* **RECORDS TO PROCESS**:
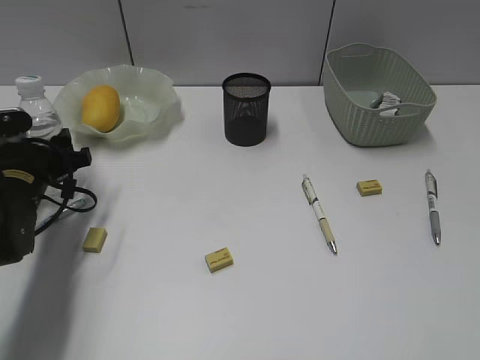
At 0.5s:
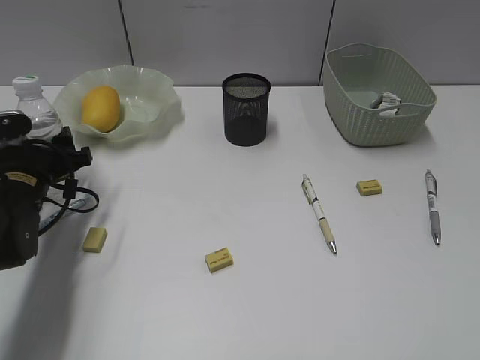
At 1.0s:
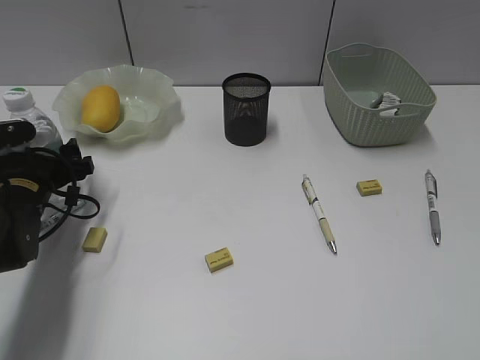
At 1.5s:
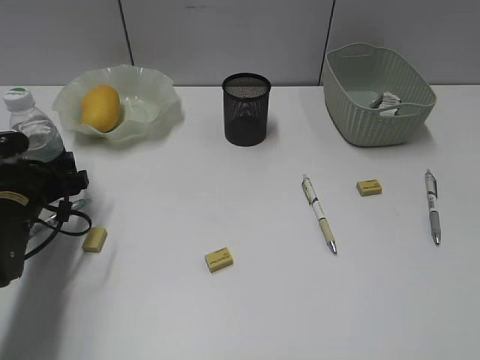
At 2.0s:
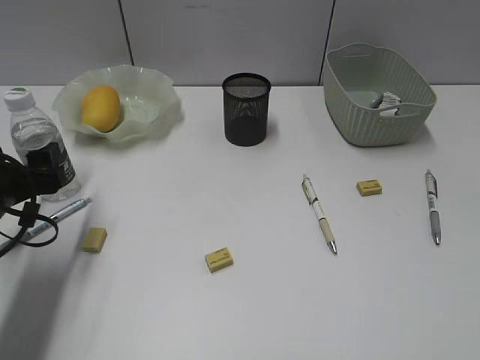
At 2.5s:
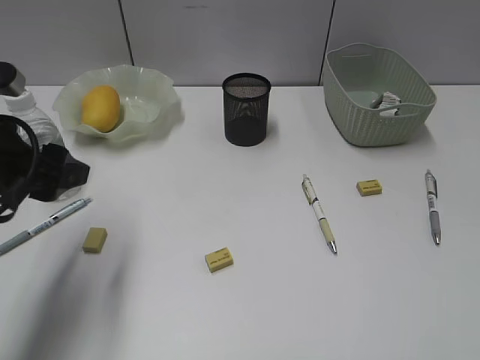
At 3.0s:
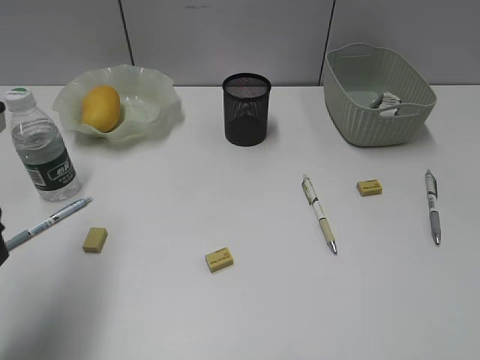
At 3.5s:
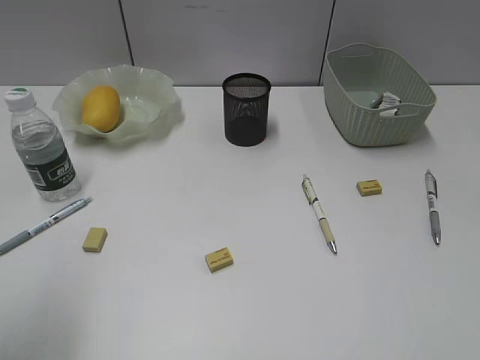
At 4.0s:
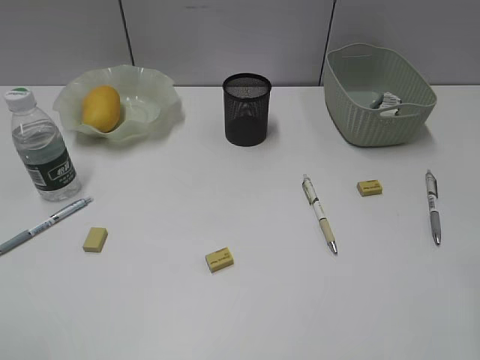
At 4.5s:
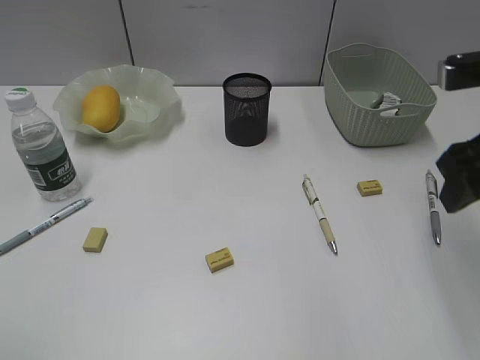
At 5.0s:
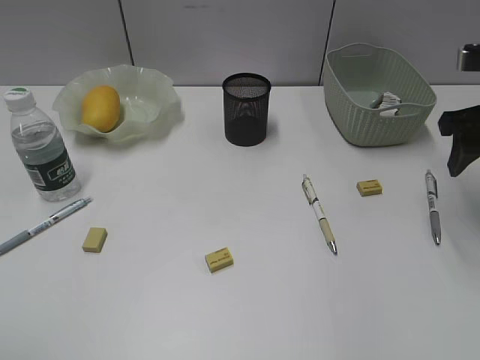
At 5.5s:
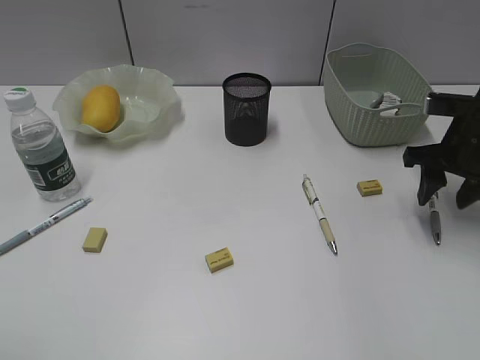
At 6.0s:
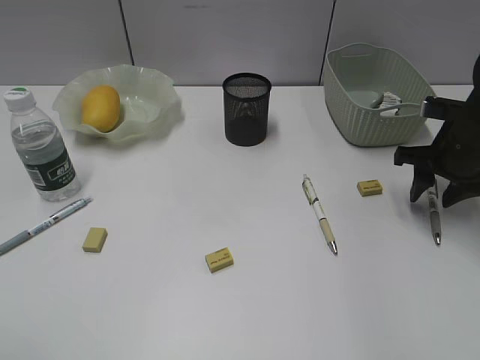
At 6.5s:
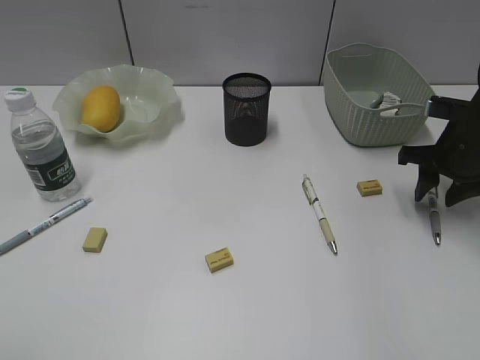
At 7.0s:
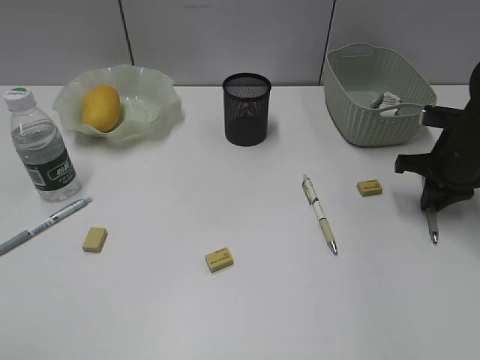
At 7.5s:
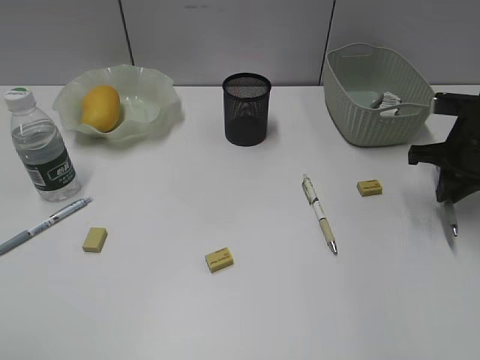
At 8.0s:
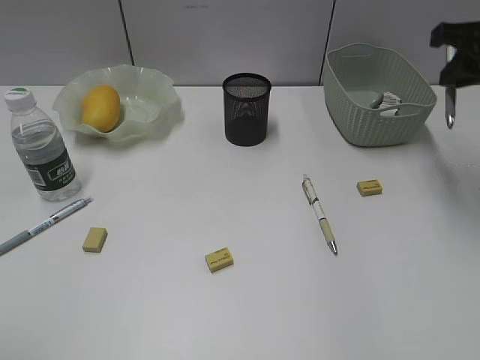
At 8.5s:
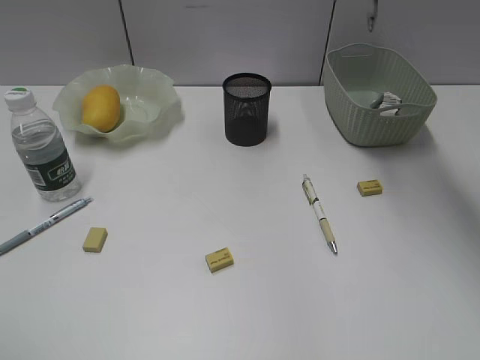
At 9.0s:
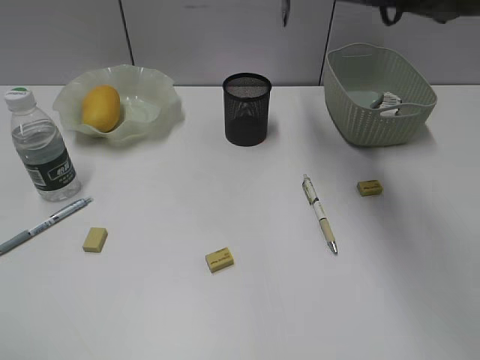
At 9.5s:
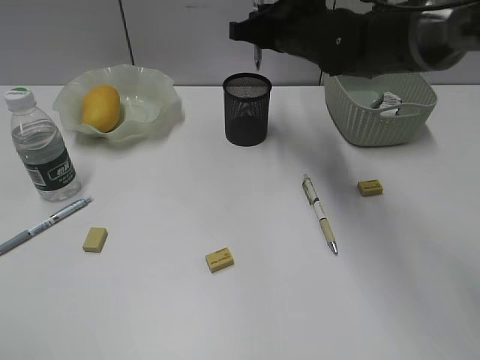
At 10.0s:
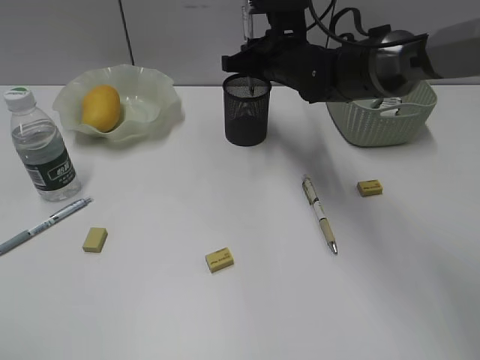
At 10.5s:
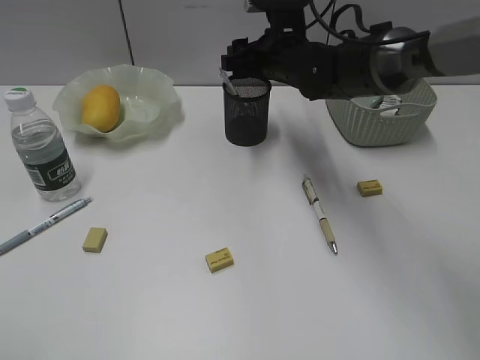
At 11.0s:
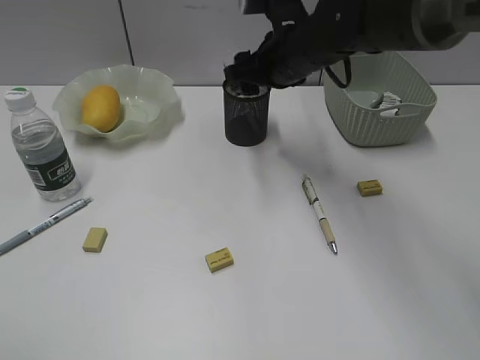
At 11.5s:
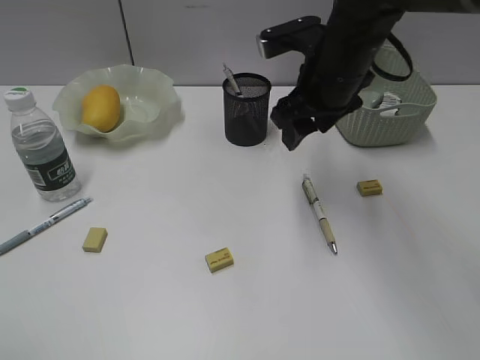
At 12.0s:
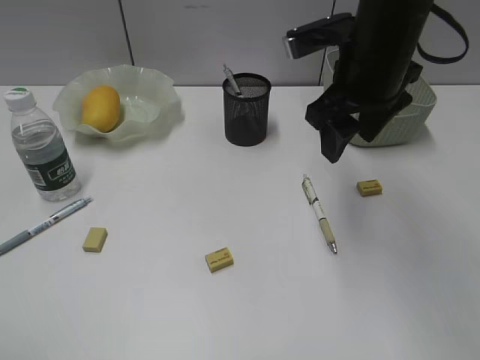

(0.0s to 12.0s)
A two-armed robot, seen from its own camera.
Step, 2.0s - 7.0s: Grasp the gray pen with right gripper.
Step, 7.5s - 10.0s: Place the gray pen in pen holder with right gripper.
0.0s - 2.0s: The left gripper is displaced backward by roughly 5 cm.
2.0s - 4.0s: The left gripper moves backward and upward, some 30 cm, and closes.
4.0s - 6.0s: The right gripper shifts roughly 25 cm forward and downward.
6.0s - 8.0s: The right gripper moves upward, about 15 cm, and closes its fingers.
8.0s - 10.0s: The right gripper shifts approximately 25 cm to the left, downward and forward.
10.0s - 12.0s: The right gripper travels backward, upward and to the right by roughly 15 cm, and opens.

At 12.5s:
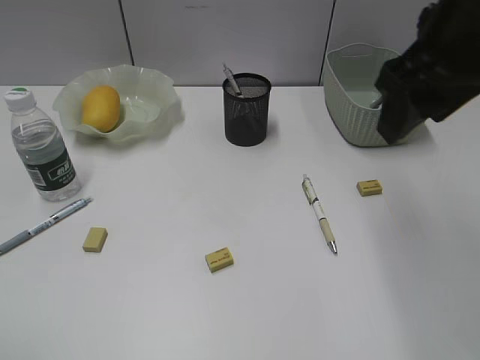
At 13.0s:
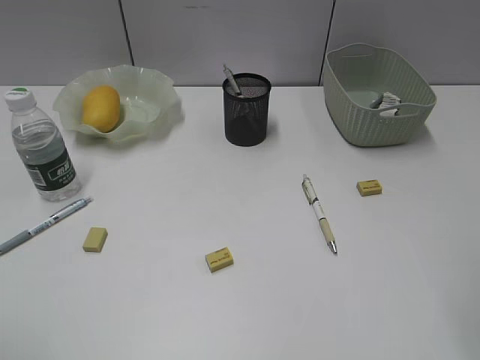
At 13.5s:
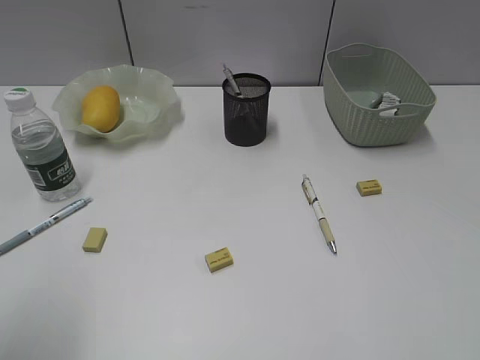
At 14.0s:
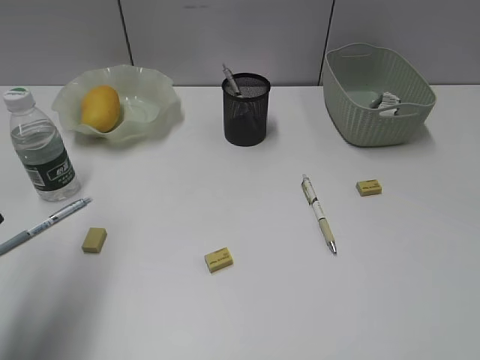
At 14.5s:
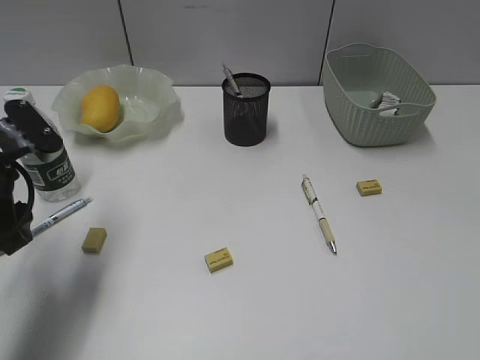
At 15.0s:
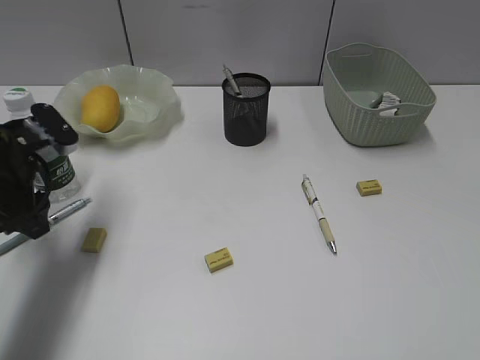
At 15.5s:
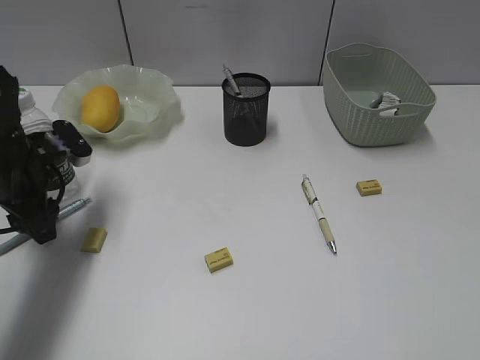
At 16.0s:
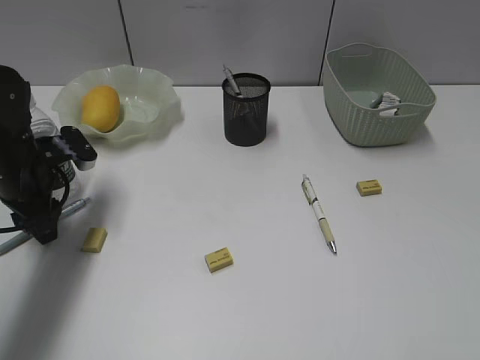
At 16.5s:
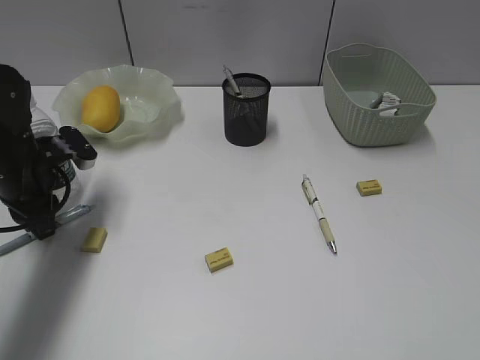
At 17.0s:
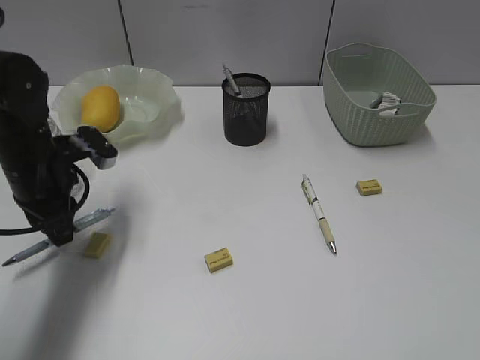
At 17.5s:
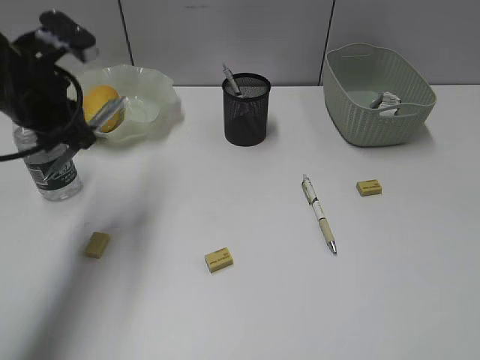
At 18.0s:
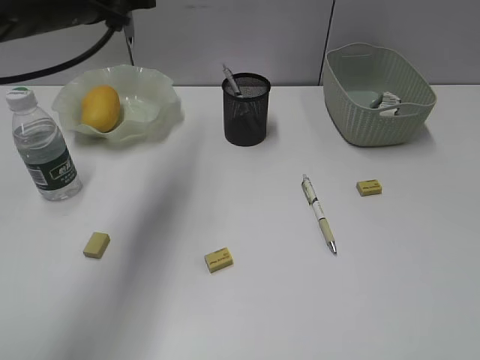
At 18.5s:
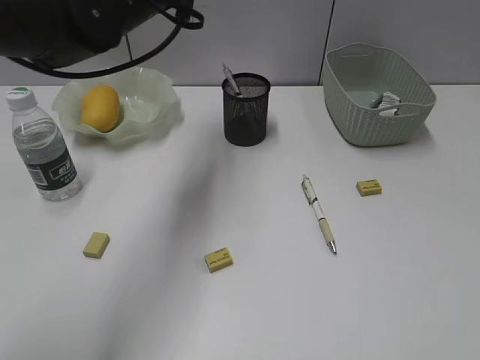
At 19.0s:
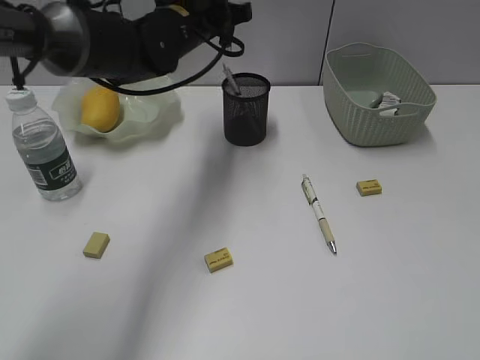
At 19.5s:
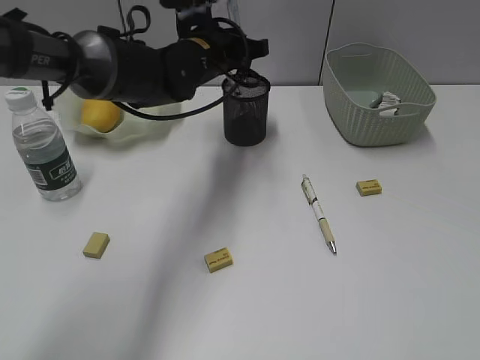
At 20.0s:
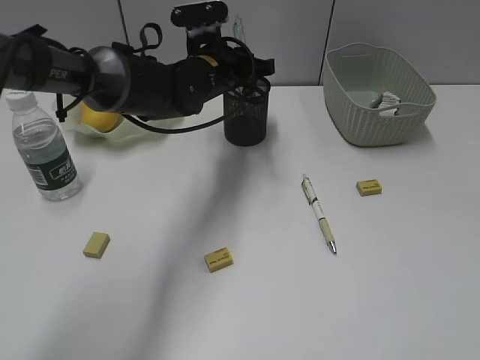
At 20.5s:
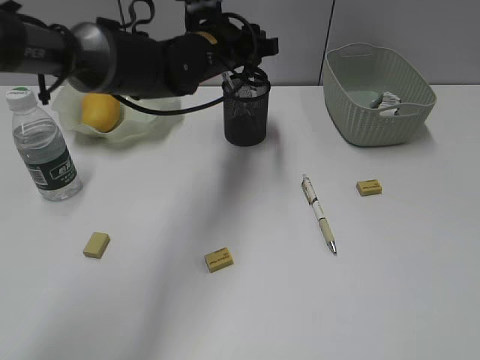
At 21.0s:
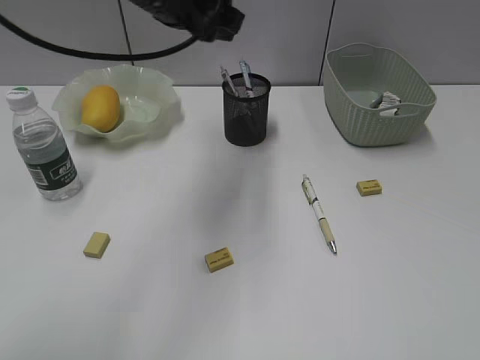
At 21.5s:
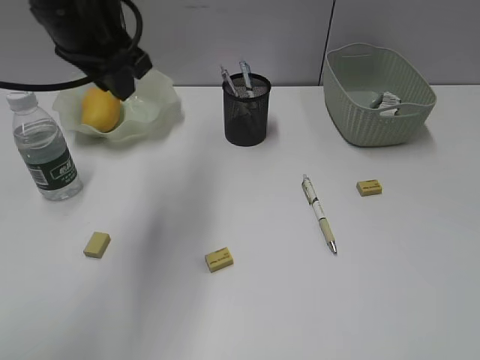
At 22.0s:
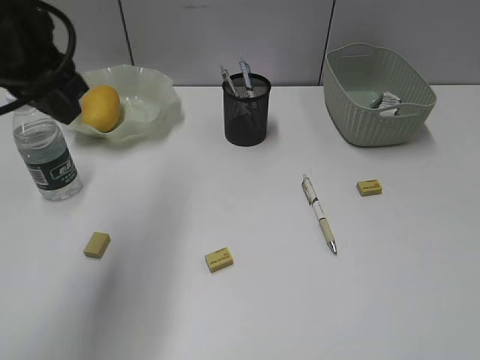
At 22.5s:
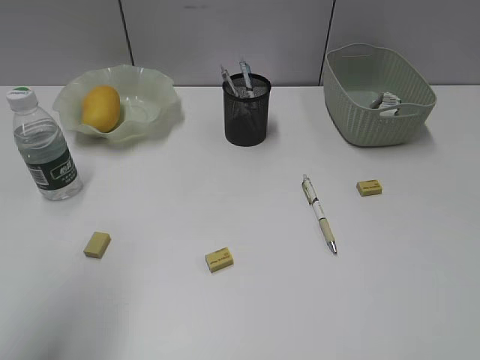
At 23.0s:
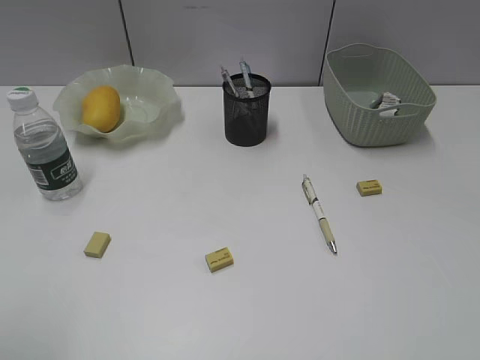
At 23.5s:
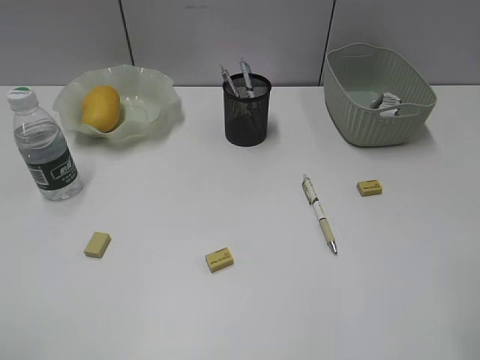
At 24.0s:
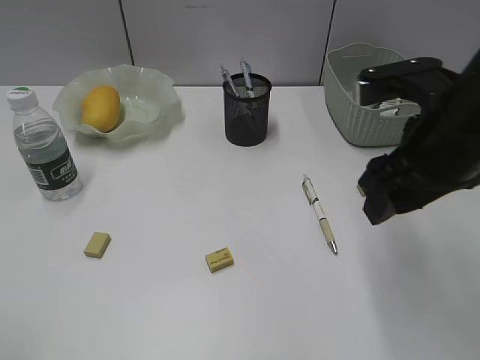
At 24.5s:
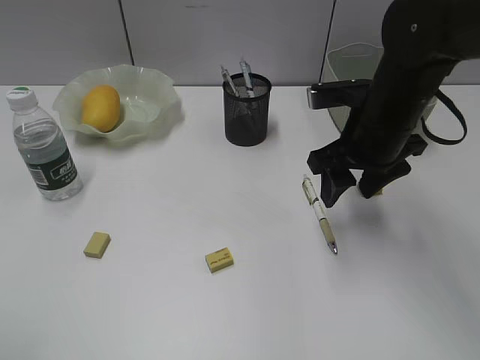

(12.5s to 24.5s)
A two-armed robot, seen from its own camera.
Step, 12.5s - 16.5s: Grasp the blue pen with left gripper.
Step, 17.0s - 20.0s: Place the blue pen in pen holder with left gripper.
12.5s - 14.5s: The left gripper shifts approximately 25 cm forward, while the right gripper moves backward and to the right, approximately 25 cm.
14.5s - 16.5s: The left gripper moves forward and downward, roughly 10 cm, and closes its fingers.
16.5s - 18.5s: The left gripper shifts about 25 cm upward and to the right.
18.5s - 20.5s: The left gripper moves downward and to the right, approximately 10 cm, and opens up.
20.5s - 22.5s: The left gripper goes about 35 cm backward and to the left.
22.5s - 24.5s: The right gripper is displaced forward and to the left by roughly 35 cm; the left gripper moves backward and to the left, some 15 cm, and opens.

* **DIRECTIONS FOR THIS TASK**: Write the material out again exactly. Skip each picture.

* **WRITTEN RESPONSE**:
At 0.5s:
At 1.0s:
At 1.5s:
At 2.0s:
At 2.5s:
At 3.0s:
At 3.5s:
At 4.0s:
At 4.5s:
At 5.0s:
At 5.5s:
At 6.0s:
At 6.5s:
At 7.0s:
At 7.5s:
At 8.0s:
At 8.5s:
At 9.0s:
At 9.5s:
At 10.0s:
At 10.5s:
At 11.0s:
At 11.5s:
At 12.0s:

(0.0s to 12.0s)
A two-armed robot, seen from its own camera.
Step, 2.0s - 7.0s: Grasp the gray pen with right gripper.
Step, 7.5s - 10.0s: Place the gray pen in pen holder with right gripper.
0.0s - 2.0s: The left gripper is displaced backward by roughly 5 cm.
2.0s - 4.0s: The left gripper moves backward and upward, some 30 cm, and closes.
4.0s - 6.0s: The right gripper shifts roughly 25 cm forward and downward.
6.0s - 8.0s: The right gripper moves upward, about 15 cm, and closes its fingers.
8.0s - 10.0s: The right gripper shifts approximately 25 cm to the left, downward and forward.
10.0s - 12.0s: The right gripper travels backward, upward and to the right by roughly 15 cm, and opens.

At 12.5s:
At 13.0s:
At 13.5s:
At 14.0s:
At 14.5s:
At 15.0s:
At 15.5s:
At 16.0s:
At 16.5s:
At 17.0s:
At 17.5s:
At 18.0s:
At 18.5s:
At 19.0s:
At 19.5s:
At 20.0s:
At 20.5s:
At 21.0s:
At 21.5s:
At 22.0s:
At 22.5s:
At 23.0s:
At 23.5s:
At 24.0s:
At 24.5s:

(12.5s to 24.5s)
A two-armed robot, seen from its own camera.
Step, 12.5s - 16.5s: Grasp the blue pen with left gripper.
Step, 17.0s - 20.0s: Place the blue pen in pen holder with left gripper.
12.5s - 14.5s: The left gripper shifts approximately 25 cm forward, while the right gripper moves backward and to the right, approximately 25 cm.
14.5s - 16.5s: The left gripper moves forward and downward, roughly 10 cm, and closes its fingers.
16.5s - 18.5s: The left gripper shifts about 25 cm upward and to the right.
18.5s - 20.5s: The left gripper moves downward and to the right, approximately 10 cm, and opens up.
20.5s - 22.5s: The left gripper goes about 35 cm backward and to the left.
22.5s - 24.5s: The right gripper is displaced forward and to the left by roughly 35 cm; the left gripper moves backward and to the left, some 15 cm, and opens.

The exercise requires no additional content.